Brooke Lydbrooke, Toronto, Canada

What I can remember of the seventies as I grew up in the latter part of the decade certainly isn't the flares and fun image the media are still keen to portray it as. This was the era of punk rock( no future UK), hyper inflation, high unemployment and a feeling that Britain was finished, along with the misery of endless strikes. Anyone who lived through this period will know how run down and depressed Britain had become by the end of the 70s. However, the television was far better back then and at least you had great comedies to laugh at to take your mind off the winter of discontent. Also bands like Queen and the ELO were making fantastic music, which we seem to lack now.
Glenn Aylett, Whivehaven, Cumbria

I left school in 1969 - liberation day - and got my A Levels at our college of further education. I joined 18+ Club and International Voluntary Service (mostly doing gardens and decorating for the less well off referred by Social Services - jobs would be allocated on Monday nights at our weekly meeting) and got "housekeeping experience" when mother was in hospital for a major female operation. There were some great films - "The Italian Job" and "The Lion In Winter" and a few years later "Death In Venice" - and it was a good time for pop and discos for those who enjoyed that sort of thing.

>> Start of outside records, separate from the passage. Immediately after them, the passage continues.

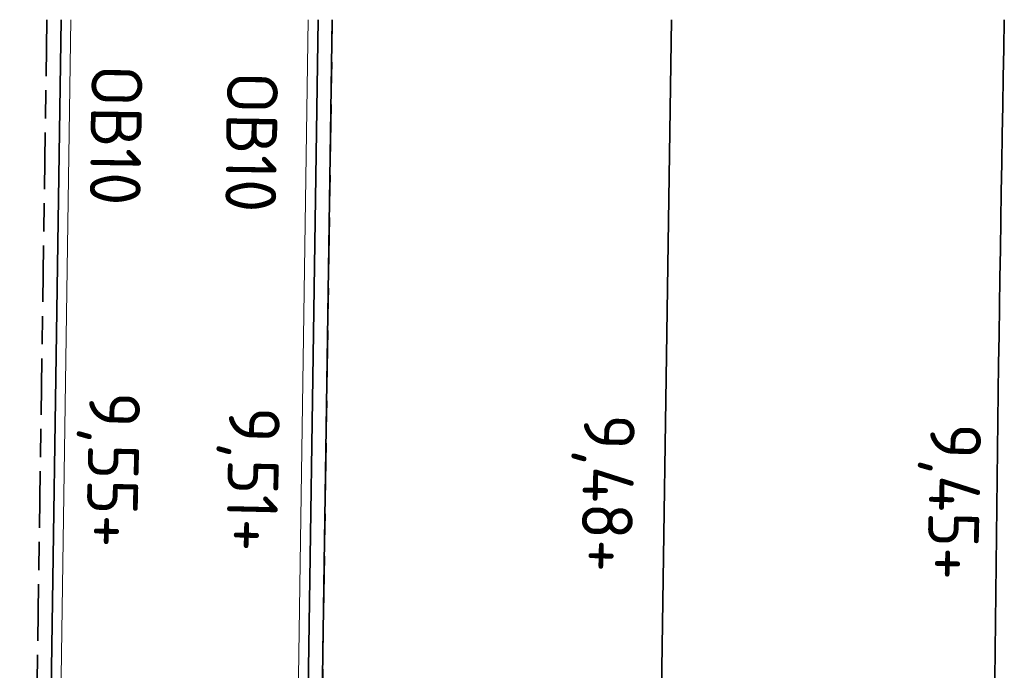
# Model space of a CAD drawing. Header units: metres. Extents: x 133 to 690, y 59 to 257.
# Tile 31 of 84: x 316.54 to 323.51, y 109.25 to 113.86. Entities that reach past the tile are written whole.
import ezdxf

# ---------------------------------------------------------------- set-up
doc = ezdxf.new("R2010")
doc.units = ezdxf.units.M
doc.header["$LTSCALE"] = 0.05
doc.linetypes.add('VH-OPSLUITBAND_100X200', pattern=[16, 8, -2, 4, -2])
for name, color, linetype, lineweight in [('N-WE-GW-WATERGANG_SLOOT_INSTEEK-G', 90, 'Continuous', 35), ('N-WE-VH-KANTOPSLUITING-T18', 10, 'Continuous', 18), ('N-WE-VH-KANTOPSLUITING_ACHTERKANTBAND_OB_100x200-G', 50, 'Continuous', 18), ('N-WE-VH-KANTOPSLUITING_OPSLUITBAND_100X200-G', 150, 'VH-OPSLUITBAND_100X200', 35), ('N-WE-VH-KANTVERHARDING_STREKLAAG-G', 253, 'Continuous', 18), ('N-WE-VH-VERHARDING_STRAATBAKSTEEN-G', 252, 'Continuous', 35), ('N-WE-VH-VERHARDING_TEGEL_GRAS-G', 70, 'Continuous', 35), ('X-XX-AL-HOOGTELABEL-T25', 7, 'Continuous', 25)]:
    doc.layers.add(name, color=color, linetype=linetype, lineweight=lineweight)
doc.styles.add('NLCS-ISO-M200-T18', font='NLCS-ISO.ttf', dxfattribs={"height": 0.36})
doc.linetypes.add('Taludlijn', pattern='A,0.5,[130,RODOR.shx,S=1,R=0,X=0,Y=0],1,[131,RODOR.shx,S=1,R=0,X=0,Y=0],0.5', length=2)

msp = doc.modelspace()

# ---------------------------------------------------------------- linework, layer by layer
at = {"layer": 'N-WE-GW-WATERGANG_SLOOT_INSTEEK-G', "linetype": 'Taludlijn', "flags": 128}
msp.add_lwpolyline([(323.4302, 100.8571, -0.006342), (323.5093, 113.8571)], format="xyb", dxfattribs=at)
at = {"layer": 'N-WE-VH-KANTOPSLUITING_ACHTERKANTBAND_OB_100x200-G', "flags": 128}
for points in [[(316.833, 113.8571), (316.6404, 100.8571)], [(318.4606, 100.8571), (318.6532, 113.8571)]]:
    msp.add_lwpolyline(points, dxfattribs=at)
at = {"layer": 'N-WE-VH-KANTOPSLUITING_OPSLUITBAND_100X200-G', "flags": 128}
for points in [[(316.733, 113.8571), (316.5404, 100.8571)], [(318.5606, 100.8571), (318.7532, 113.8571)]]:
    msp.add_lwpolyline(points, dxfattribs=at)
at = {"layer": 'N-WE-VH-KANTVERHARDING_STREKLAAG-G'}
msp.add_lwpolyline([(316.903, 113.8571), (316.7104, 100.8571)], dxfattribs=at)
at = {"layer": 'N-WE-VH-KANTVERHARDING_STREKLAAG-G', "flags": 128}
msp.add_lwpolyline([(318.3906, 100.8571), (318.5832, 113.8571)], dxfattribs=at)
at = {"layer": 'N-WE-VH-VERHARDING_STRAATBAKSTEEN-G', "flags": 128}
for points in [[(316.6404, 100.8571), (316.833, 113.8571)], [(318.4606, 100.8571), (318.6532, 113.8571)]]:
    msp.add_lwpolyline(points, dxfattribs=at)
at = {"layer": 'N-WE-VH-VERHARDING_TEGEL_GRAS-G'}
for points in [[(318.7532, 113.8571), (318.5606, 100.8571)], [(320.9609, 100.8571), (321.1535, 113.8571)]]:
    msp.add_lwpolyline(points, dxfattribs=at)

# ---------------------------------------------------------------- texts
at = {"layer": 'N-WE-VH-KANTOPSLUITING-T18', "char_height": 0.36, "attachment_point": 1, "rotation": 269.15116, "style": 'NLCS-ISO-M200-T18'}
for insert in [(317.4098, 113.5339), (318.3689, 113.4849)]:
    msp.add_mtext('OB10', dxfattribs=dict(at, insert=insert))
at = {"layer": 'X-XX-AL-HOOGTELABEL-T25', "char_height": 0.36, "attachment_point": 1, "rotation": 268.67793, "style": 'NLCS-ISO-M200-T18'}
for s, insert in [('9,55+', (317.3947, 111.2157)), ('9,51+', (318.3835, 111.1094)), ('9,48+', (320.8962, 111.0585)), ('9,45+', (323.3476, 110.9936))]:
    msp.add_mtext_dynamic_manual_height_columns(s, width=3.778764, gutter_width=2.5, heights=[0], dxfattribs=dict(at, insert=insert))

doc.saveas('drawing.dxf')

On the downside jobs were very hard to get with increasing unemployment, far too much fuss was made about changing to decimal coinage (I had no problem) and we had more than enough of strikes - the rail strike in 1973 paralysed the sorting office where I did Christmas work for a day and the "winter of discontent" coincided horribly with a particularly bad winter in our area. Experience of two-party government has made me a Lib Dem (saving Maggie Thatcher's grace -she had moments of genius)and inflation starting badly around 1971 has made me a careful housekeeper!